Tra i 15/30 anni c’è la massima forza ideativa. Un matematico dopo i 30 anni può essere
solo un professore di matematica, ma non un teorico. Io stesso le idee migliori le ho avuto a
quell’età poi le ho raffinate. Nelle nostre università ci sono ricercatori di 50 anni!
A quell’età anni i giovani hanno pure il massimo della forza biologica, i corpi dei giovani
sono belli e forti. Infatti, il mercato, che conosce i giovani meglio dei genitori e degli insegnanti, ne
utilizza la fisicità, la bellezza, la forza, perché i veri conoscitori del mondo dei giovani sono gli
operatori del marketing. Viviamo in una società in cui il grande motore di tutti i valori è il denaro
quindi… In quel periodo poi i giovani hanno anche il massimo della forza sessuale, ma non
riproduttiva perché non possono generare, tutti i problemi che noi abbiamo sulla fecondazione
assistita, e di altri temi analoghi, sono derivati da uno scollamento eccessivo che la società ha
creato. Un giovane prima dei 35 anni non può generare perché non è nella possibilità e nella
compatibilità di poterlo fare.

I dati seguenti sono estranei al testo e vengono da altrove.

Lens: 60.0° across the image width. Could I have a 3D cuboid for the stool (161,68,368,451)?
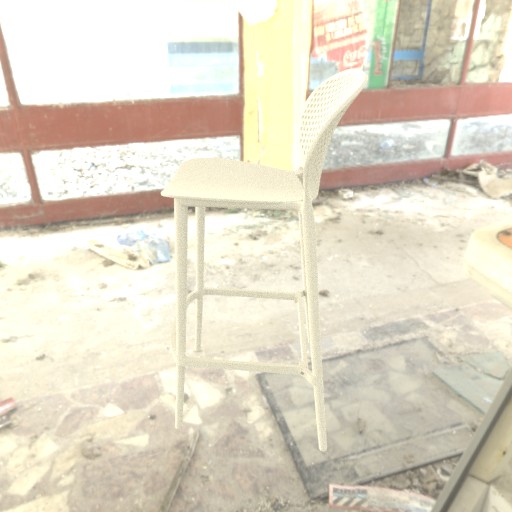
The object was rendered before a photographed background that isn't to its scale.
[{"bbox_3d":[0.000,0.000,1.345,0.535,1.045,0.536,1,27,2],"label":"stool"}]

E questo perché la nostra società e la nostra cultura hanno creato delle
condizioni di generazione che non sono praticabili prima dei 35 anni, cioè al limite biologico.
Allora, una società che non utilizza il massimo della forza fisica, di quella generativa, di
quella creativa, rappresentata dai suoi giovani, pensate possa avere un futuro? Questa crisi che
stiamo vivendo è cosa miserabile rispetto alla condizione di crisi permanente che aspetta
l’Occidente se non valorizza i giovani. E perché non li utilizziamo? All’epoca mia c’erano i padri e
i figli, pochi nonni perché morivano presto. Oggi, grazie alla medicina che non allunga la vita, ma
quell’epoca terribile che si chiama vecchiaia, abbiamo tre generazioni con i nonni che detengono il
potere e non lo mollano, i padri che guardano i nonni in attesa di avere il loro posto e poi ci sono
loro che “..tanto sono giovani”, ma fin quando lo sono? Aspettiamo che perdano la loro forza?